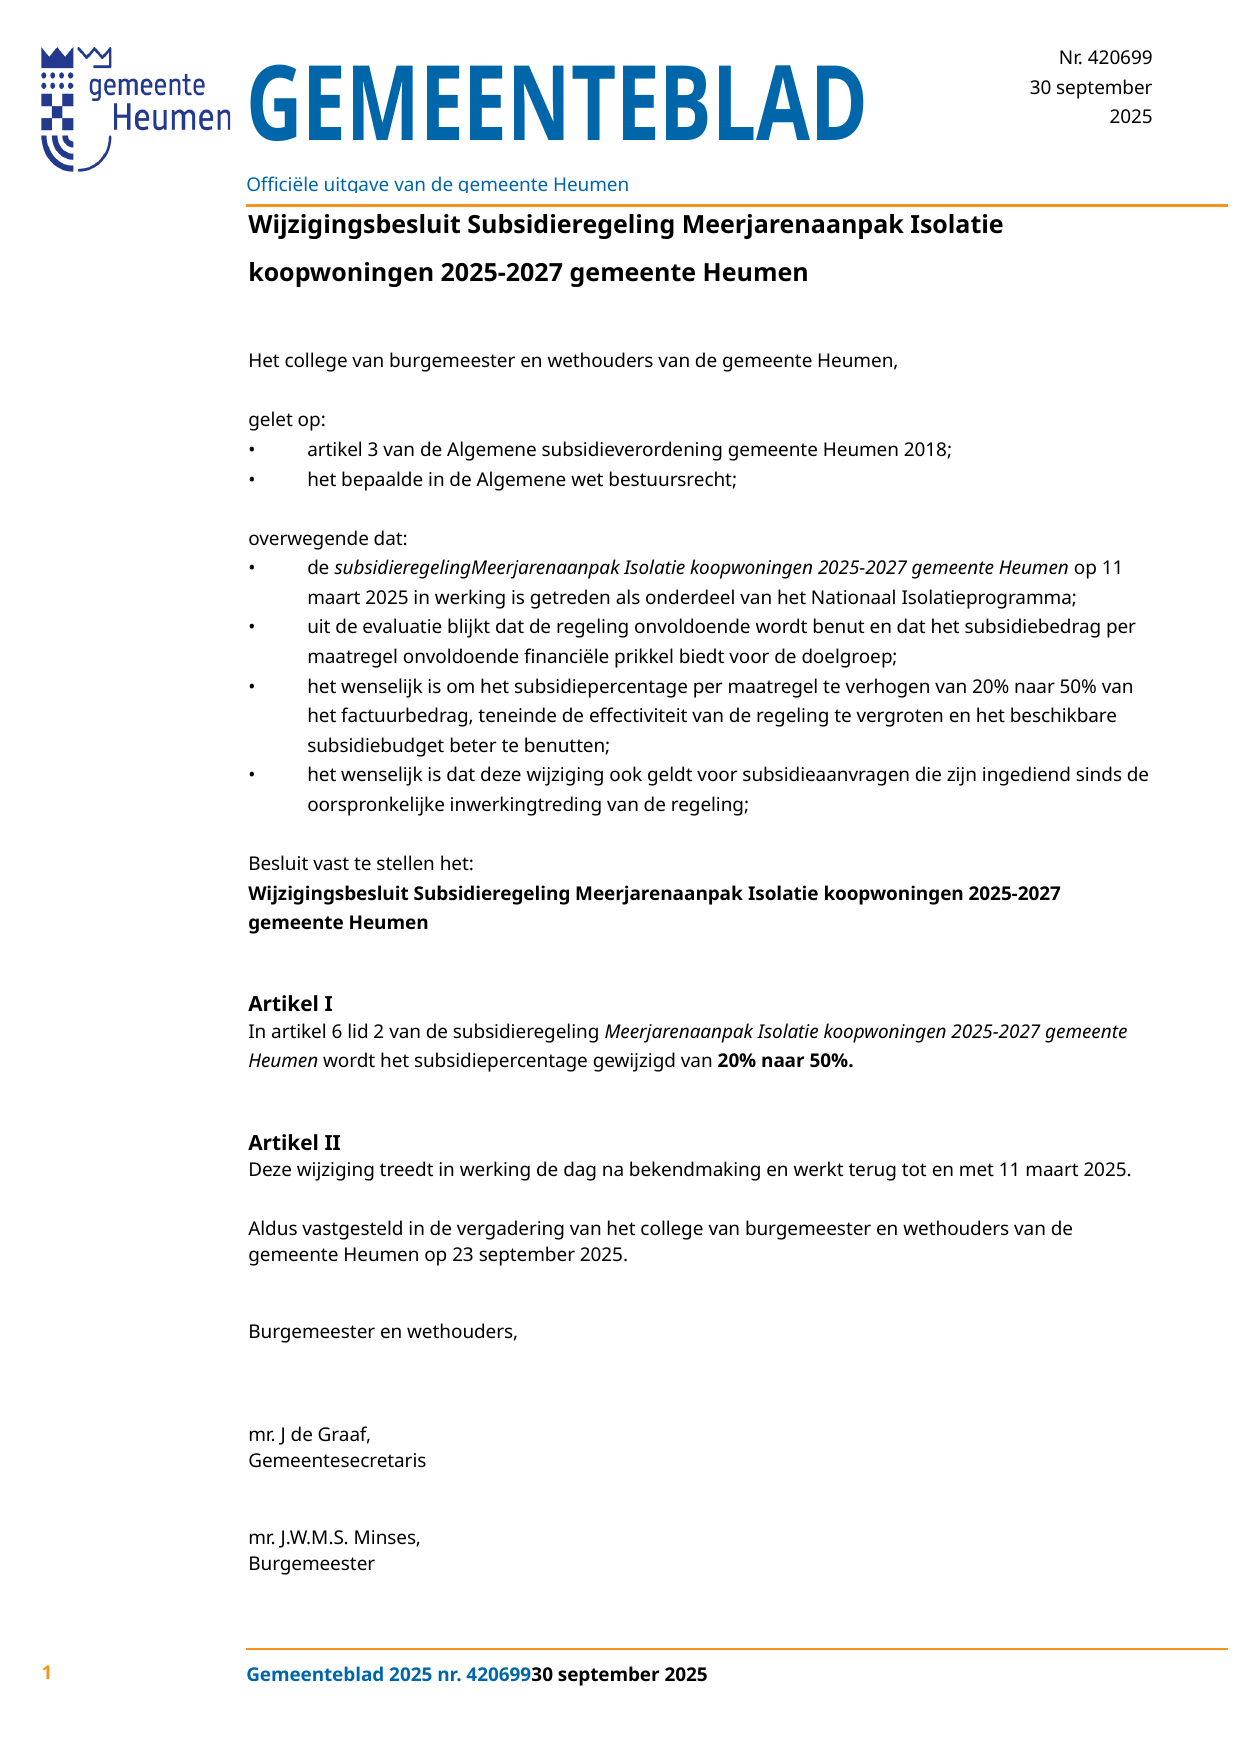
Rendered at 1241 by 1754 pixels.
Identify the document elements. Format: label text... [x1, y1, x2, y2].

text In artikel 6 lid 2 van de subsidieregeling Meerjarenaanpak Isolatie koopwoningen 2025-2027 gemeente Heumen wordt het subsidiepercentage gewijzigd van 20% naar 50%. [248, 1018, 1152, 1073]
list het bepaalde in de Algemene wet bestuursrecht; [248, 466, 1152, 492]
list artikel 3 van de Algemene subsidieverordening gemeente Heumen 2018; [248, 436, 1152, 462]
text Wijzigingsbesluit Subsidieregeling Meerjarenaanpak Isolatie koopwoningen 2025-2027 gemeente Heumen [248, 880, 1152, 935]
text mr. J de Graaf, [248, 1421, 1152, 1447]
text Het college van burgemeester en wethouders van de gemeente Heumen, [248, 347, 1152, 373]
text Aldus vastgesteld in de vergadering van het college van burgemeester en wethouders van de gemeente Heumen op 23 september 2025. [248, 1215, 1152, 1267]
text Burgemeester [248, 1550, 1152, 1575]
list het wenselijk is dat deze wijziging ook geldt voor subsidieaanvragen die zijn ingediend sinds de oorspronkelijke inwerkingtreding van de regeling; [248, 762, 1152, 817]
text overwegende dat: [248, 525, 1152, 551]
text Gemeentesecretaris [248, 1447, 1152, 1472]
text Burgemeester en wethouders, [248, 1318, 1152, 1344]
picture [41, 47, 231, 172]
list het wenselijk is om het subsidiepercentage per maatregel te verhogen van 20% naar 50% van het factuurbedrag, teneinde de effectiviteit van de regeling te vergroten en het beschikbare subsidiebudget beter te benutten; [248, 673, 1152, 758]
text Artikel II [248, 1128, 1152, 1156]
list uit de evaluatie blijkt dat de regeling onvoldoende wordt benut en dat het subsidiebedrag per maatregel onvoldoende financiële prikkel biedt voor de doelgroep; [248, 614, 1152, 669]
text mr. J.W.M.S. Minses, [248, 1524, 1152, 1550]
text Deze wijziging treedt in werking de dag na bekendmaking en werkt terug tot en met 11 maart 2025. [248, 1156, 1152, 1182]
list de subsidieregelingMeerjarenaanpak Isolatie koopwoningen 2025-2027 gemeente Heumen op 11 maart 2025 in werking is getreden als onderdeel van het Nationaal Isolatieprogramma; [248, 554, 1152, 610]
text Artikel I [248, 989, 1152, 1018]
text Besluit vast te stellen het: [248, 850, 1152, 876]
text gelet op: [248, 407, 1152, 432]
text Wijzigingsbesluit Subsidieregeling Meerjarenaanpak Isolatie koopwoningen 2025-2027 gemeente Heumen [248, 207, 1152, 288]
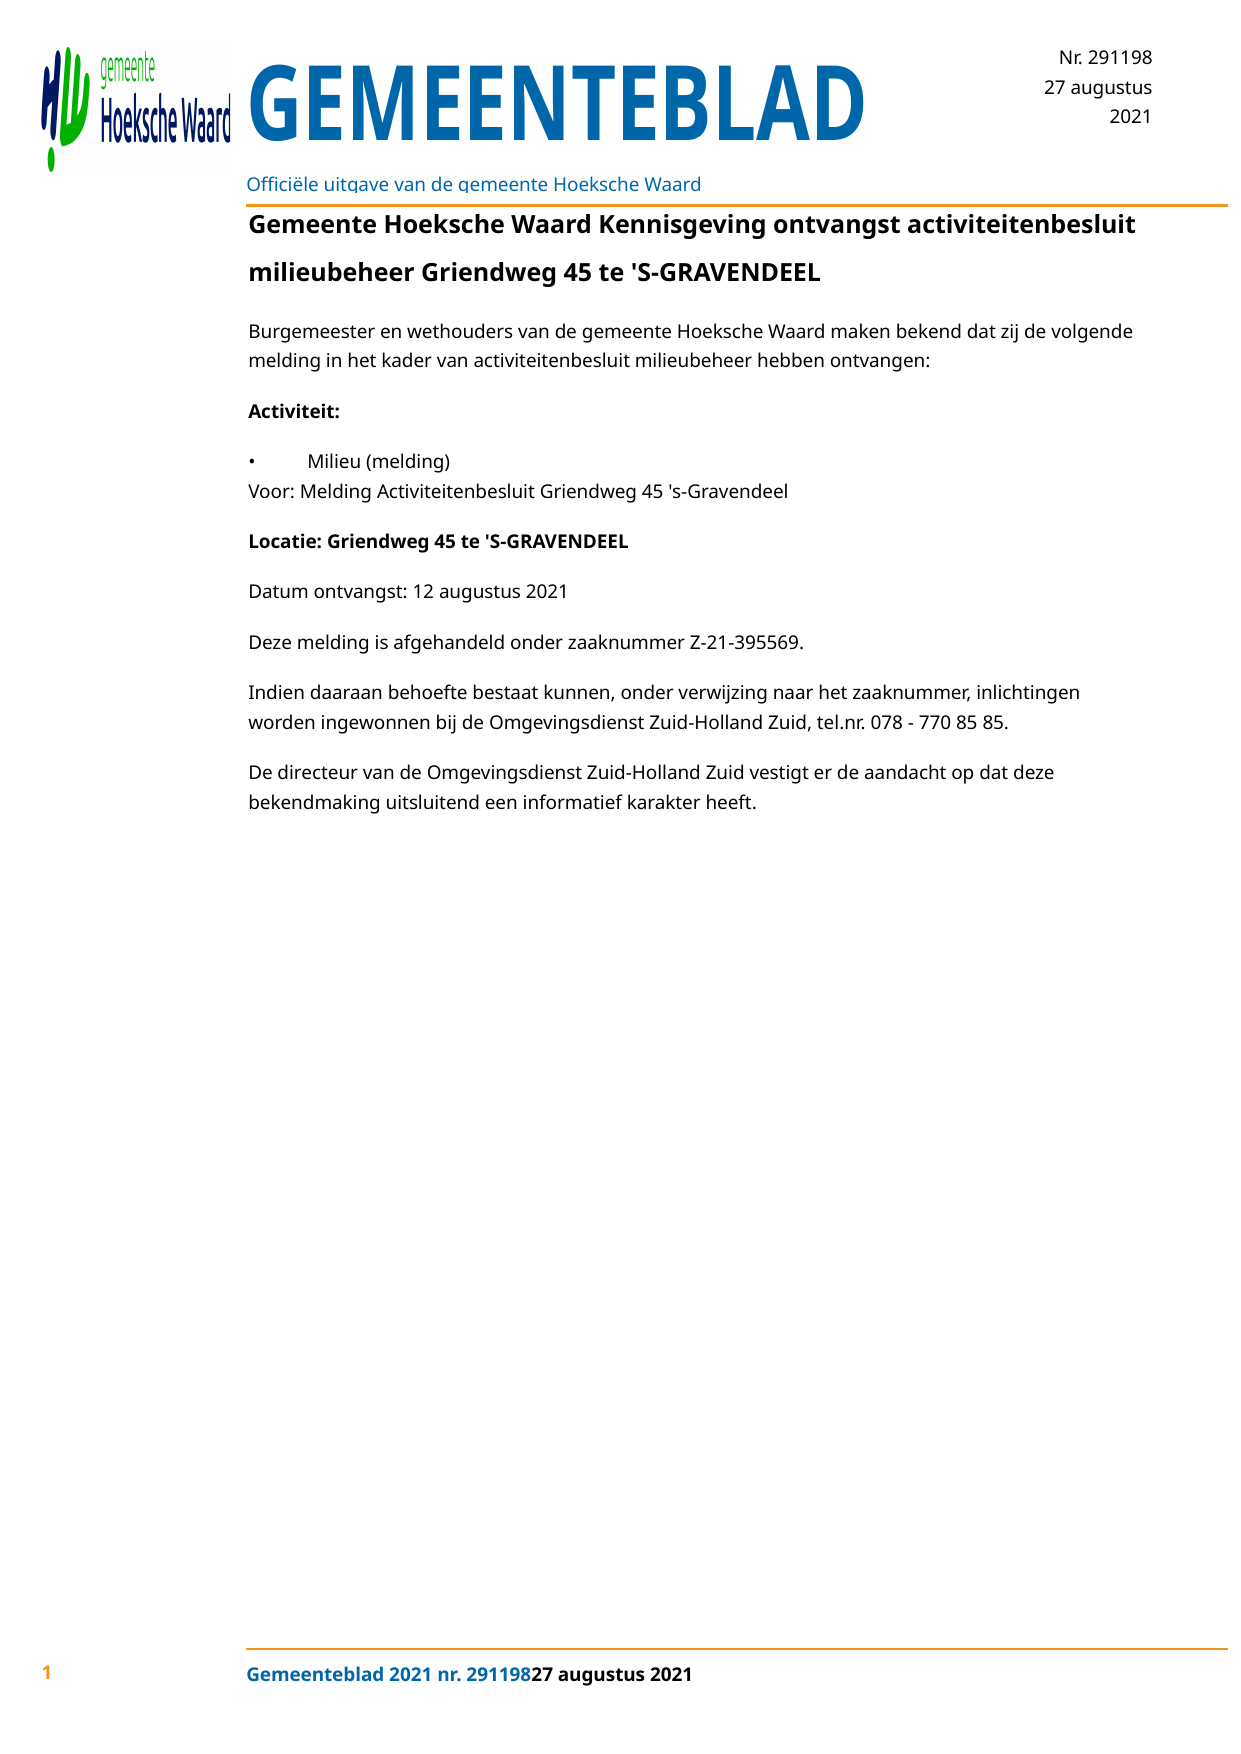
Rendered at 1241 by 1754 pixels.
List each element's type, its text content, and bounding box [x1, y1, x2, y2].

list Milieu (melding) [248, 448, 1152, 474]
text Locatie: Griendweg 45 te 'S-GRAVENDEEL [248, 528, 1152, 554]
text De directeur van de Omgevingsdienst Zuid-Holland Zuid vestigt er de aandacht op dat deze bekendmaking uitsluitend een informatief karakter heeft. [248, 759, 1152, 815]
text Gemeente Hoeksche Waard Kennisgeving ontvangst activiteitenbesluit milieubeheer Griendweg 45 te 'S-GRAVENDEEL [248, 207, 1152, 288]
text Deze melding is afgehandeld onder zaaknummer Z-21-395569. [248, 629, 1152, 655]
text Datum ontvangst: 12 augustus 2021 [248, 579, 1152, 604]
text Activiteit: [248, 398, 1152, 424]
text Voor: Melding Activiteitenbesluit Griendweg 45 's-Gravendeel [248, 478, 1152, 504]
text Burgemeester en wethouders van de gemeente Hoeksche Waard maken bekend dat zij de volgende melding in het kader van activiteitenbesluit milieubeheer hebben ontvangen: [248, 318, 1152, 373]
picture [41, 47, 231, 172]
text Indien daaraan behoefte bestaat kunnen, onder verwijzing naar het zaaknummer, inlichtingen worden ingewonnen bij de Omgevingsdienst Zuid-Holland Zuid, tel.nr. 078 - 770 85 85. [248, 679, 1152, 735]

===

What you will do: For this exercise, please set down exactly the lines of the listing above from the line with "text gelet op: [248, 407, 1152, 432]" up to and including the line with "List each element's", and no pictures.

Response box:
text gelet op: [248, 407, 1152, 432]
text Wijzigingsbesluit Subsidieregeling Meerjarenaanpak Isolatie koopwoningen 2025-2027 gemeente Heumen [248, 207, 1152, 288]
Rendered at 1241 by 1754 pixels.
List each element's type, its text content, and bounding box [x1, y1, x2, y2].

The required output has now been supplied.